Consider the characters in Cloud Atlas: there’s some essential soul material that makes itself known in each storyline by the appearance of a comet shaped birthmark on the body of the pivotal character. Sometimes male, sometimes female, this person’s distinguishing trait is that s/he is instrumental in disrupting the cultural order of the era. Other characters shapeshift through time also: Hugh Grant plays both a ruddy sea vessel officer and a cannibal (yes, really). Halle Berry plays both a gutsy reporter and a distant-future wise woman. The takeaway for me, in seeing these actors morph across eons, is that in our culture maybe we focus WAY too much on the lateral, present “What” and forget about the longitudinal, eternal “Who.” Maybe the “Who” — a kind of soul essence — is the source out of which arises the “What,” and the “What” changes depending on the circumstances the “Who” finds itself in.

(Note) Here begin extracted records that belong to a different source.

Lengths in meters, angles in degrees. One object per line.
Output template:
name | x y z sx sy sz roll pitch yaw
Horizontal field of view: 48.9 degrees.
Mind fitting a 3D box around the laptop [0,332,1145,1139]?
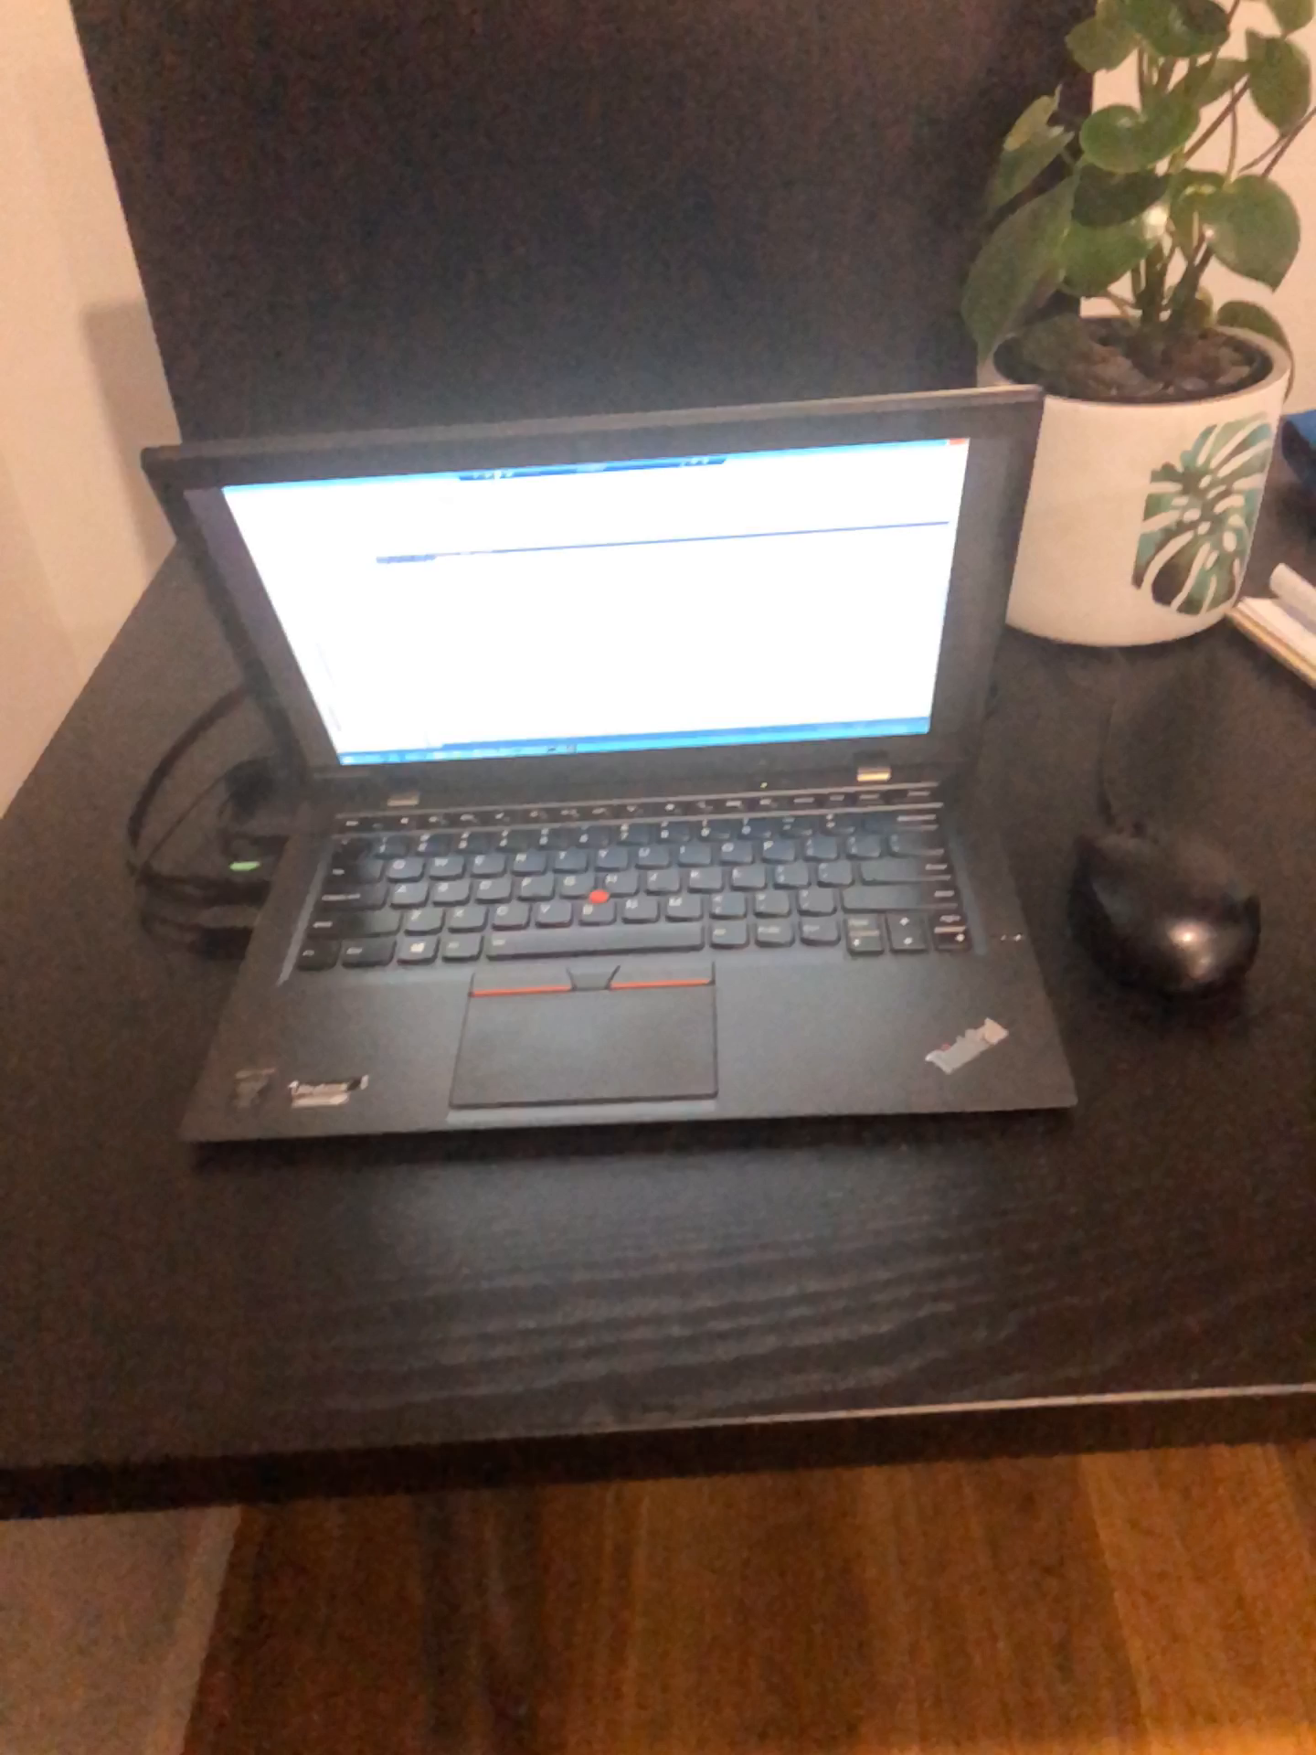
laptop | -0.026 -0.065 0.576 0.340 0.214 0.245 -3 34 3

So what does this mean, practically speaking?

Maybe the answer can be summed up in a rather elegant question: “Who is the eternal you?” Meaning that if you strip away all the trappings of profession, if you forget about acknowledged roles relative to other human beings, if you stop trying to be anything for anybody else and really just get down to the naked splendor of your own existence, Who are you?

Who ARE you?

  • What do you love?
  • What do you feel connected to?
  • What are you doing when you feel most in touch with the divine?
  • What have you always, always wanted to learn but haven’t yet?
  • How would you fashion yourself if you could show up in the world the way you see yourself in your inner eye?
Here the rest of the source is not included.